BEGIN Input records

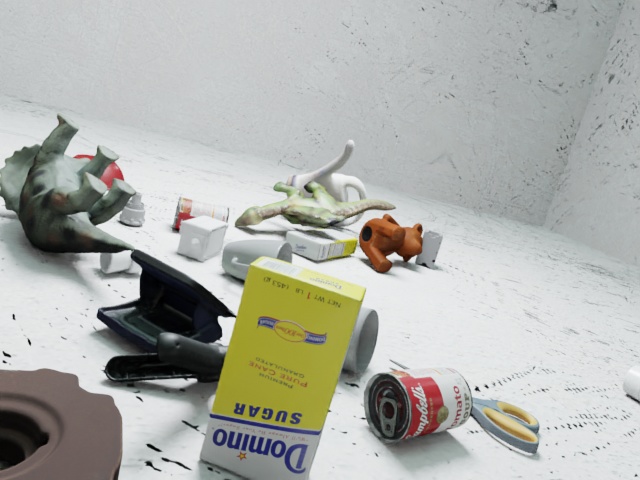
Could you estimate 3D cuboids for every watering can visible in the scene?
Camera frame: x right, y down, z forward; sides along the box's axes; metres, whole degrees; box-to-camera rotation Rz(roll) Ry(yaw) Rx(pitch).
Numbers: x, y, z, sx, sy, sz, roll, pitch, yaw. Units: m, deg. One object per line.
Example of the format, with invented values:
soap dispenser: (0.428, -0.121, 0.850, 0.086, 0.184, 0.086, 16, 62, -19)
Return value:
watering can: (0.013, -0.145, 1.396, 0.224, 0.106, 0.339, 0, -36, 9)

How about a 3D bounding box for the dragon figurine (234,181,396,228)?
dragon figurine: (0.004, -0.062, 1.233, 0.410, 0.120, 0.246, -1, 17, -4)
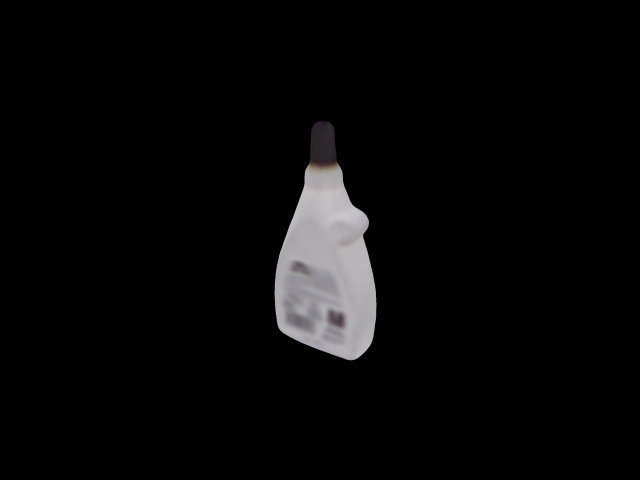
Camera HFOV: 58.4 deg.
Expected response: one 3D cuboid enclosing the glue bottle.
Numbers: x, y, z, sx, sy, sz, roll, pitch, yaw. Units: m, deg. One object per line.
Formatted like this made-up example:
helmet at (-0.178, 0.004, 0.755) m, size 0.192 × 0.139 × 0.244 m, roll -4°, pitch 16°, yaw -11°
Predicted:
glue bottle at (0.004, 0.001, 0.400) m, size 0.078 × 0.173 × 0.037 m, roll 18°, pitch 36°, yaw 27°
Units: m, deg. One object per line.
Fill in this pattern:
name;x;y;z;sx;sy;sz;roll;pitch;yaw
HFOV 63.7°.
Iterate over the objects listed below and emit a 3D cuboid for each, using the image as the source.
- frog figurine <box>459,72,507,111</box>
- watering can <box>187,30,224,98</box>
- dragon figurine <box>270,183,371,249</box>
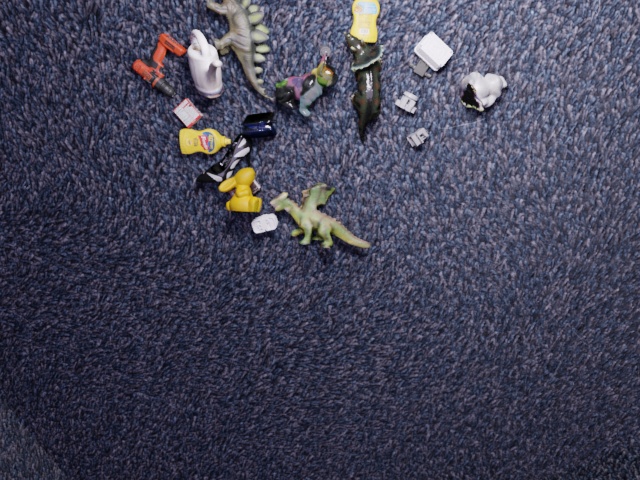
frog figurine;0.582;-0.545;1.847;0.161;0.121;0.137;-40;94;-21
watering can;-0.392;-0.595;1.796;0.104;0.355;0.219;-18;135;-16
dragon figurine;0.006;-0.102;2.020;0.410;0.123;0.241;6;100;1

END Input records
BEGIN Input records

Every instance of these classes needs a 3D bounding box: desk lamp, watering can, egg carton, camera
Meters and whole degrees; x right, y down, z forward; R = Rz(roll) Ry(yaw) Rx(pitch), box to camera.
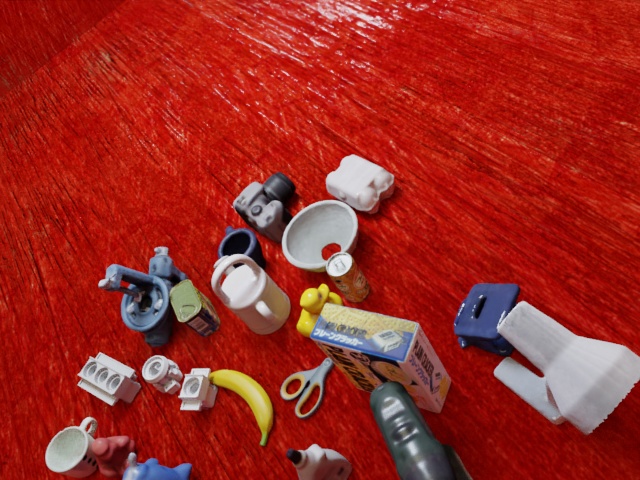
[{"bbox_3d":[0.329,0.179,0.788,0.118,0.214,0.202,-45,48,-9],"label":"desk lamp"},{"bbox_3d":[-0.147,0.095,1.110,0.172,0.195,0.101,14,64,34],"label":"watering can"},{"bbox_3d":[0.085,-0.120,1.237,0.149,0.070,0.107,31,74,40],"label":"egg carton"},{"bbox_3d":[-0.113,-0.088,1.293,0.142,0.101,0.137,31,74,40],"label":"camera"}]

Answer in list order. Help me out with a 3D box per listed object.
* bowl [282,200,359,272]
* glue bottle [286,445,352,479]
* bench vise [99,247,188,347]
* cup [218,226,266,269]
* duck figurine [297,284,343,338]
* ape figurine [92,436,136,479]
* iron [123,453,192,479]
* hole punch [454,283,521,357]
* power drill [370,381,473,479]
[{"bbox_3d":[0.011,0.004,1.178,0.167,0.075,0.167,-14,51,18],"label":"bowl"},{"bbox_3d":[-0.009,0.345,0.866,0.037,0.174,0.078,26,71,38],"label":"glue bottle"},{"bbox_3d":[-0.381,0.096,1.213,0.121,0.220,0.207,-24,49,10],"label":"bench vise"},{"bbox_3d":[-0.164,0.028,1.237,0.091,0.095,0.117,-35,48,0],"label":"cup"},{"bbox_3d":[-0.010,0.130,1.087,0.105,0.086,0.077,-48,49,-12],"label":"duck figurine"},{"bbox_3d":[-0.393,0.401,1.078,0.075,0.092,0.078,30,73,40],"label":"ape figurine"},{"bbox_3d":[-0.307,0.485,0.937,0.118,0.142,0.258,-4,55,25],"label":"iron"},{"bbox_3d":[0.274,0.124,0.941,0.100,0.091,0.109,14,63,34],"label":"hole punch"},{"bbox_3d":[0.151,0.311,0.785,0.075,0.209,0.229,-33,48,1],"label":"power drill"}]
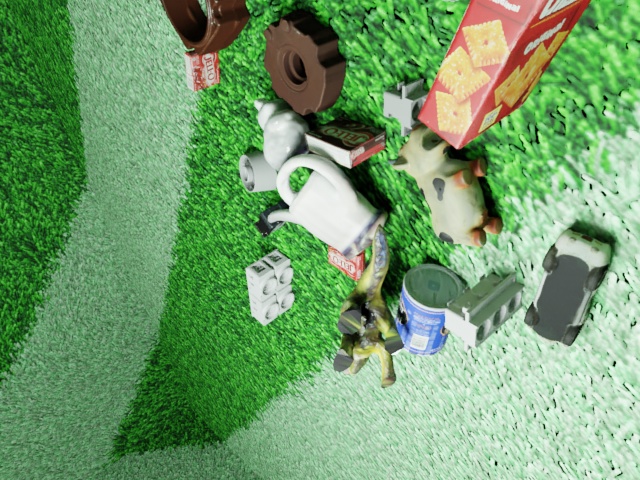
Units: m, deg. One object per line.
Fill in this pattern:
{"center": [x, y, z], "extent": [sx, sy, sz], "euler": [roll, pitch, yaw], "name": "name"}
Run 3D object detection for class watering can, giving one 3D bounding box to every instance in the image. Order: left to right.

END Input records
BEGIN Input records

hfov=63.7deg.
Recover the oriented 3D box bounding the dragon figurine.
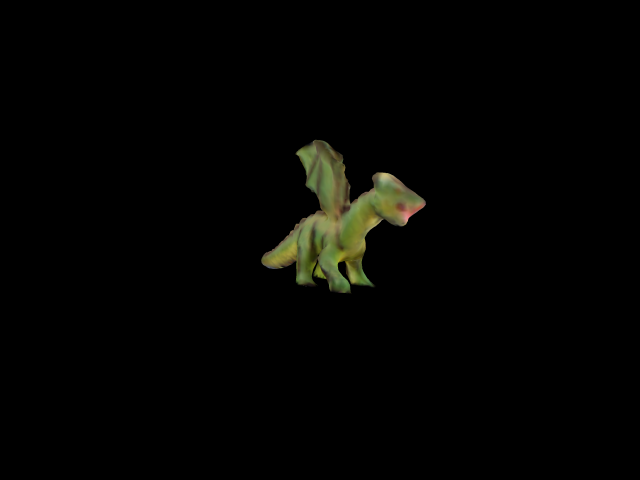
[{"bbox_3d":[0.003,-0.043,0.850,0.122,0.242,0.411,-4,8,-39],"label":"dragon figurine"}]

END Input records

## Problem details
The answer should consist only of the lines above from the one with "Could you estimate" through the one with "- watering can <box>187,30,224,98</box>", repeated exactly, with no pictures among them.

## Exercise solution
Could you estimate 3D cuboids for every watering can visible in the scene?
Camera frame: x right, y down, z forward; sides along the box's axes; metres, whole degrees; box-to-camera rotation Rz(roll) Ry(yaw) Rx(pitch).
Numbers: x, y, z, sx, sy, sz, roll, pitch, yaw. Units: m, deg. One object per line.
Example of the format, with invented values:
soap dispenser: (0.428, -0.121, 0.850, 0.086, 0.184, 0.086, 16, 62, -19)
Return value:
watering can: (0.013, -0.145, 1.396, 0.224, 0.106, 0.339, 0, -36, 9)

How about a 3D bounding box for the dragon figurine (234,181,396,228)?
dragon figurine: (0.004, -0.062, 1.233, 0.410, 0.120, 0.246, -1, 17, -4)
Camera HFOV: 58.4 deg.
Expected response: one 3D cuboid enclosing the glue bottle.
Numbers: x, y, z, sx, sy, sz, roll, pitch, yaw. Units: m, deg. One object per line.
Formatted like this made-up example:
helmet at (-0.178, 0.004, 0.755) m, size 0.192 × 0.139 × 0.244 m, roll -4°, pitch 16°, yaw -11°
Predicted:
glue bottle at (0.004, 0.001, 0.400) m, size 0.078 × 0.173 × 0.037 m, roll 18°, pitch 36°, yaw 27°
Units: m, deg. One object per line.
Fill in this pattern:
name;x;y;z;sx;sy;sz;roll;pitch;yaw
HFOV 63.7°.
Iterate over the objects listed below and emit a 3D cuboid for each, using the image as the source.
- frog figurine <box>459,72,507,111</box>
- watering can <box>187,30,224,98</box>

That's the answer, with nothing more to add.